EXPOSIÇÃO DE PINTURA: “Um Lugar de um Mundo Novo”,
de Francisco Laranjo
Coordenação Geral | Fernando Seara
Museografia | Francisco Laranjo, Mariana Morais
Museu do Douro
02 Dez 2022 > 26 Fev 2023
“Tudo o que é importante na vida, é simbólico.” A partir desta frase, respigada de uma conversa que teve em novo com o pai, Francisco Miguel Laranjo desenvolve um texto belíssimo que acompanha a exposição de pintura e desenho “Um Lugar de um Mundo Novo”, de Francisco Laranjo, e que pode ser vista até ao próximo dia 26 de Fevereiro. É dele que me socorro para contextualizar as obras patentes na galeria de exposições temporárias do Museu do Douro, na Régua, percebendo que “nesta simples, mas totalizante afirmação, cabe uma dimensão significativa do seu trabalho enquanto artista. Na verdade, pode dizer-se que a sua pintura e pensamento encontram-se invariavelmente num local intermédio entre o gesto e o simbólico. Se o primeiro pressupõe fisicalidade e materialidade, o segundo permite viagens pelo tempo, entre culturas, entre escalas micro e macro, entre variadas geografias.”

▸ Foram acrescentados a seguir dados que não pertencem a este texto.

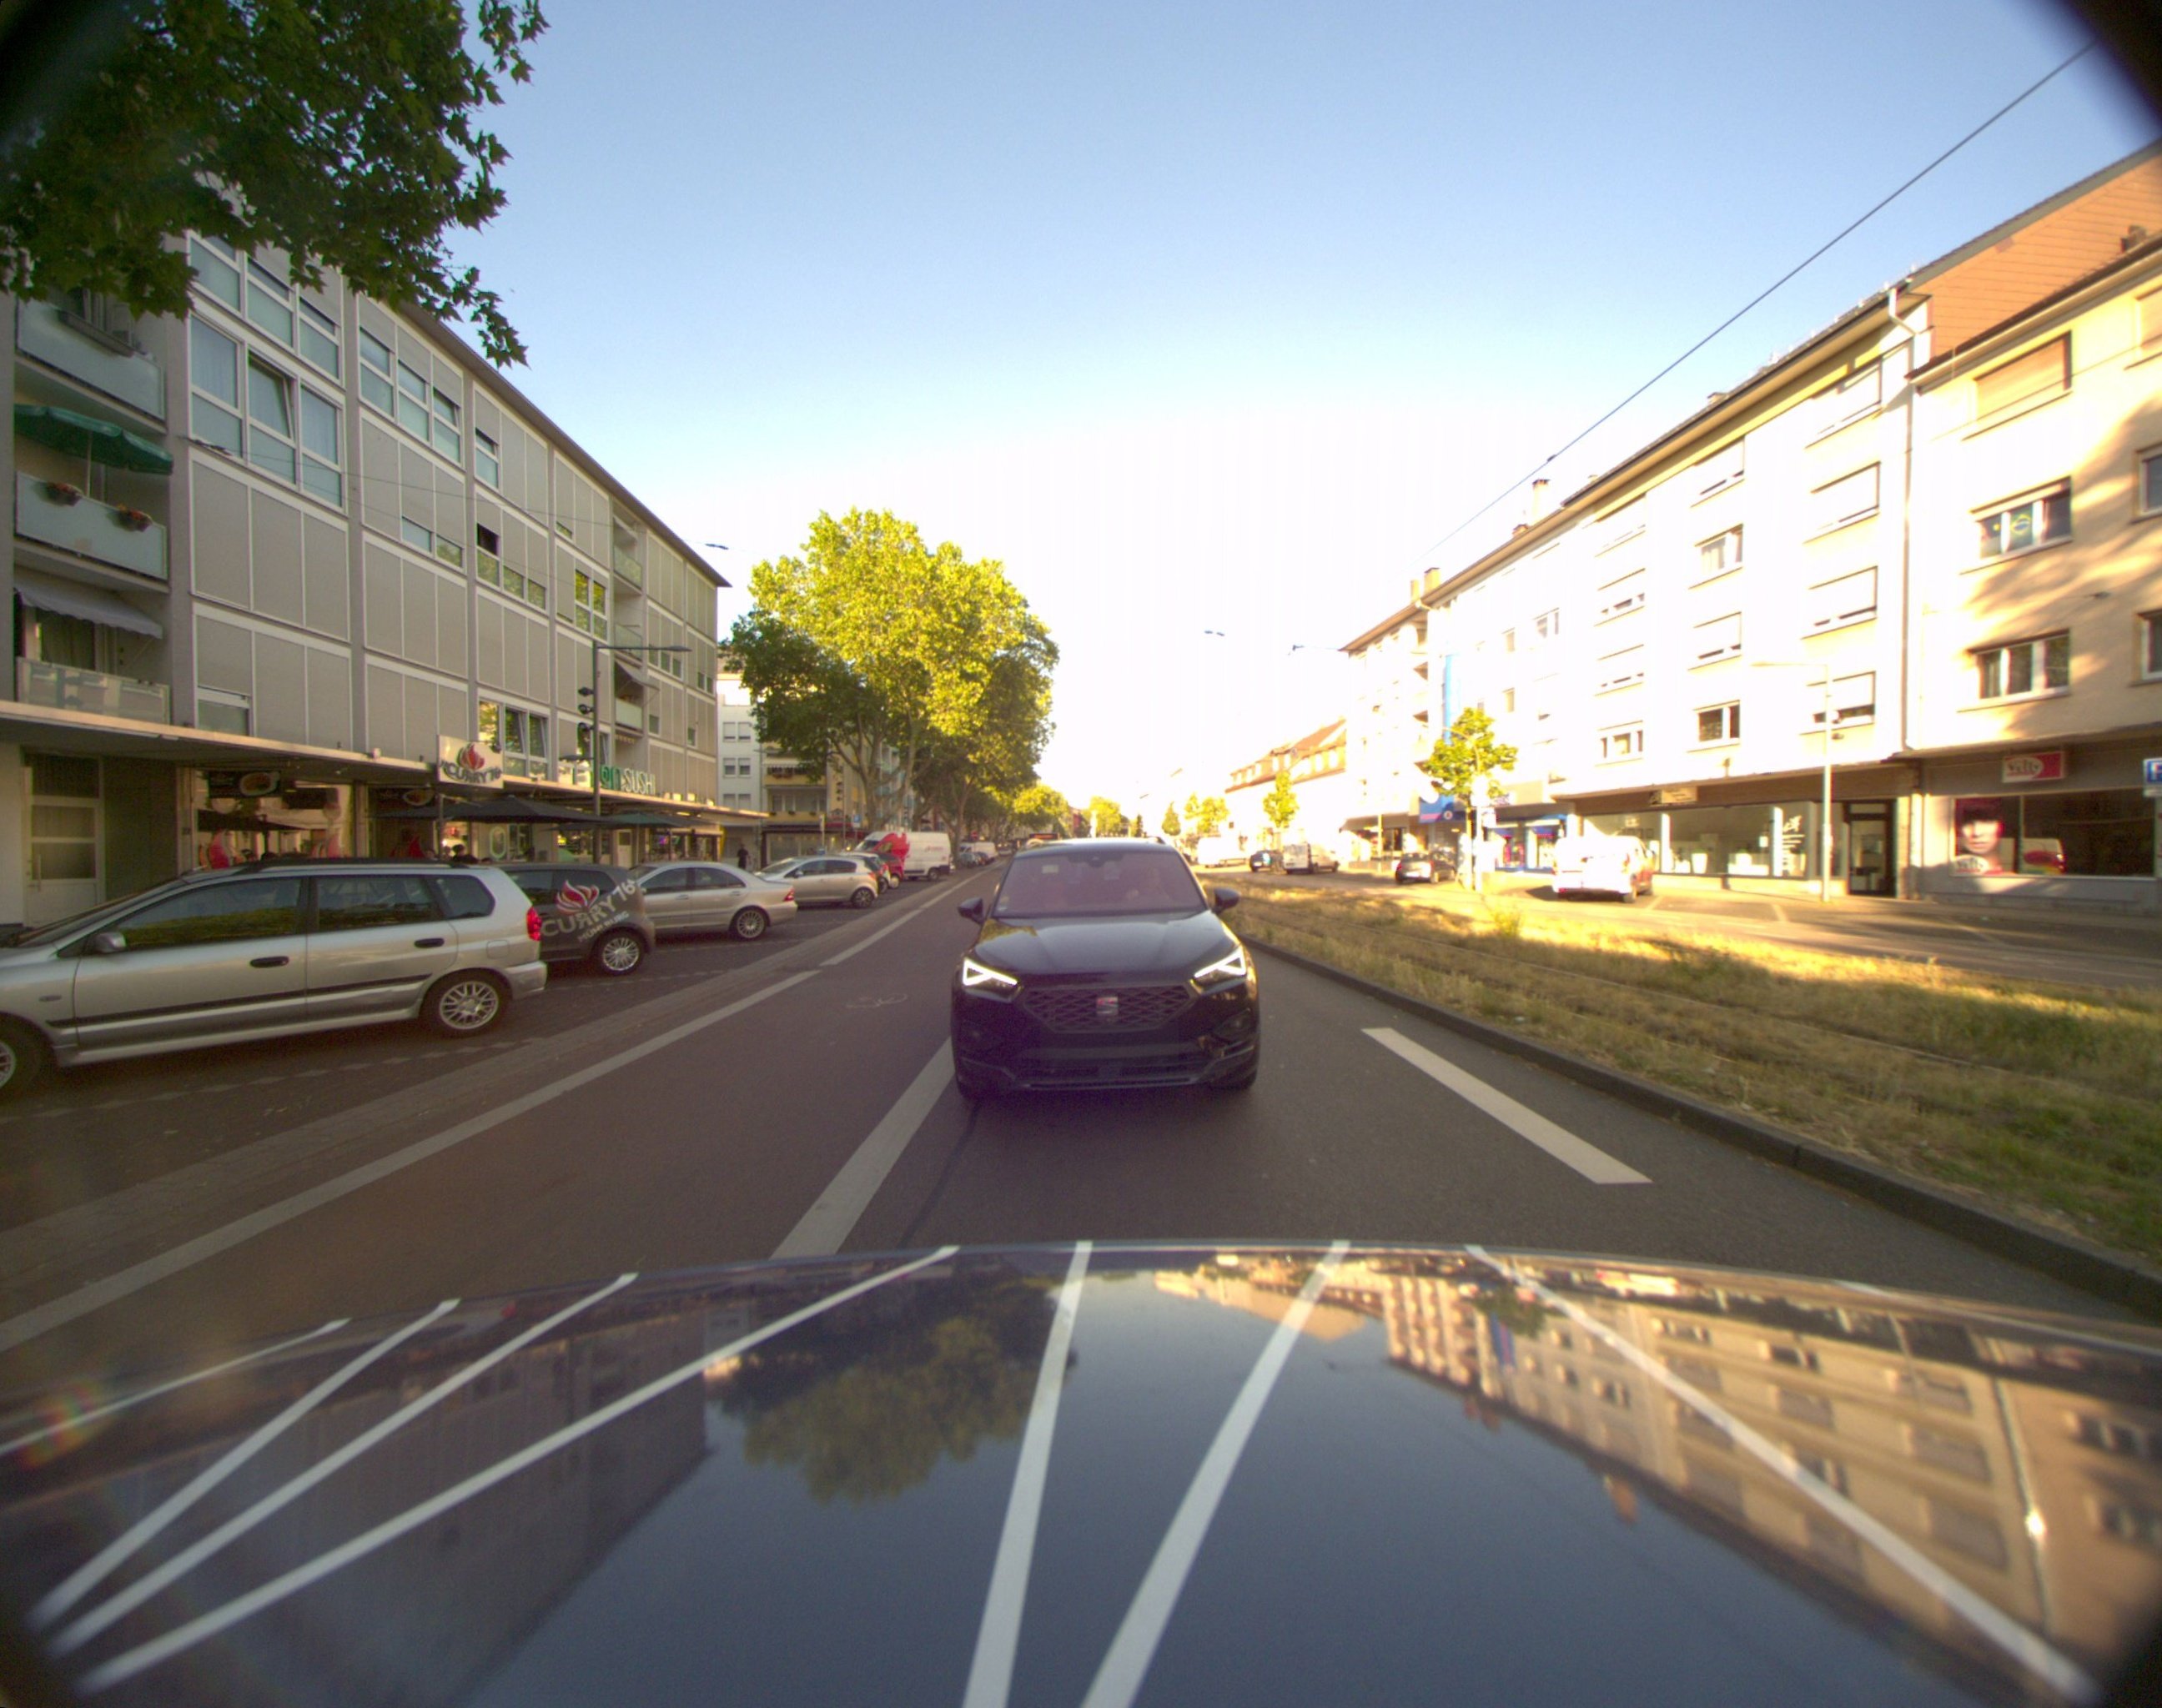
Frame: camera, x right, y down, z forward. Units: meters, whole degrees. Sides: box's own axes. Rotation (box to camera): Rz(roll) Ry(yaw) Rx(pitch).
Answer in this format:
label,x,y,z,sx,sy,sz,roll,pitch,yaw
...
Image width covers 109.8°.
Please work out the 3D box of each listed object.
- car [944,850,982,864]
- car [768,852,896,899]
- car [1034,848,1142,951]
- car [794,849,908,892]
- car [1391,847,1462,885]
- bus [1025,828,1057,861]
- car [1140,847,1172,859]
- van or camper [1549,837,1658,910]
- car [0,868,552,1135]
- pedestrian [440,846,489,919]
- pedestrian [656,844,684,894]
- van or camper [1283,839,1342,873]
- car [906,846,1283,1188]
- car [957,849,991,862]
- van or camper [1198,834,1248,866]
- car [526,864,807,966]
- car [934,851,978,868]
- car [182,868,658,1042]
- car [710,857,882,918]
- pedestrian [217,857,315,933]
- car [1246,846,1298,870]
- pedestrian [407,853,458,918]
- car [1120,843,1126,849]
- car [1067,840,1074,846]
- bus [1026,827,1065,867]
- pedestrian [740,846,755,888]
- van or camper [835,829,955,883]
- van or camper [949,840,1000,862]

As viagens. As geografias. O Douro. O rio, mas também as margens que o comprimem, se erguem em monumentais escadarias e se desdobram noutras viagens que Francisco Laranjo empreendeu entre continentes, culturas e referências, da filosofia à música e da literatura ao cinema. O Douro, e por extensão o Porto, ao qual sempre regressa e que nos é sugerido nestes trabalhos em traços de luz e cor, ao mesmo tempo chamando a atenção para a desdita de se “considerar inexistente o que não se vê”, realidade tão comum nas sociedades ocidentais. Falando sobre a beleza, Junichiro Tanisaki dizia: “Creio que o belo não é uma substância em si, mas apenas um desenho de sombras, um jogo de claro-escuro produzido pela justaposição de diversas substâncias.” Por seu lado, Mark Rothko articula também a ideia da utilização do silêncio. Algures entre o cósmico e o microscópico, onde cabem e se criam mundos, está Francisco Laranjo e a sua obra. Na sombra e no silêncio.
Sobre a pintura, disse Francisco Laranjo: “Confesso acreditar nela poderosamente para além de todos os vaticínios da sua morte, faz dois séculos com Hegel. E acredito sobretudo por ser exactamente o oposto do lado físico do objecto que ela é também. E o exercício mais estranho da relação do espirito com um lado simples e intuitivo de imaginar que se pode pensar num espaço eminentemente plano e ilusório, uma escrita sobre o tempo e o lugar, e pensar que aí se transcende o discurso que chamamos do conhecimento e da vida, e ao mesmo tempo procurarmo-nos a nós próprios. A pintura nasce num silêncio tão eloquente, quanto as razões que assistem para a sua realização. E, se o silêncio a testemunha como espaço interior de reflexão da razão, da paixão, do sentimento, da consciência ou do que lhe quisermos chamar para justificar o que não é preciso, sobra em importância a dimensão do desconhecido e do mistério que a arte estende para lá do visível e do imaginário que existe na nossa natureza mais profunda.”
São de Francisco Miguel Laranjo as últimas palavras: “Há poucos anos atrás, enquanto o ajudava a pendurar uma gravura numa parede, procurava a posição mais apropriada, enquanto olhava para a altura do tecto. De forma genérica, costuma-se utilizar um sempre subjectivo ‘nível dos olhos’ para encontrar a posição do centro de uma pintura que ficará suspensa, em exposição. ‘Mais abaixo’, disse-me o meu pai num tom suave, ‘gosto dos meus trabalhos juntos ao coração’, enquanto tocava com a mão direita no peito. (…) A enorme dimensão humana e empática que caracterizam o seu trabalho – e o definiram como pessoa – que partiu do Douro para todo o mundo, é assim devolvida nesta generosa presença abstracta de enorme clareza, sempre entre o gesto e o simbólico. Este texto é, igualmente, um pequeno gesto simbólico. Guarda uma pequeníssima quantidade de memórias, de inúmeras viagens, de longas conversas, de muita aprendizagem, ajuda e encorajamento continuo. Do ocidente ao oriente, ficarão pinturas, desenhos, serigrafias, gravuras, esculturas, vitrais e cerâmicas suspensas no tempo. Os gestos simbólicos, no entanto, ficarão para sempre.”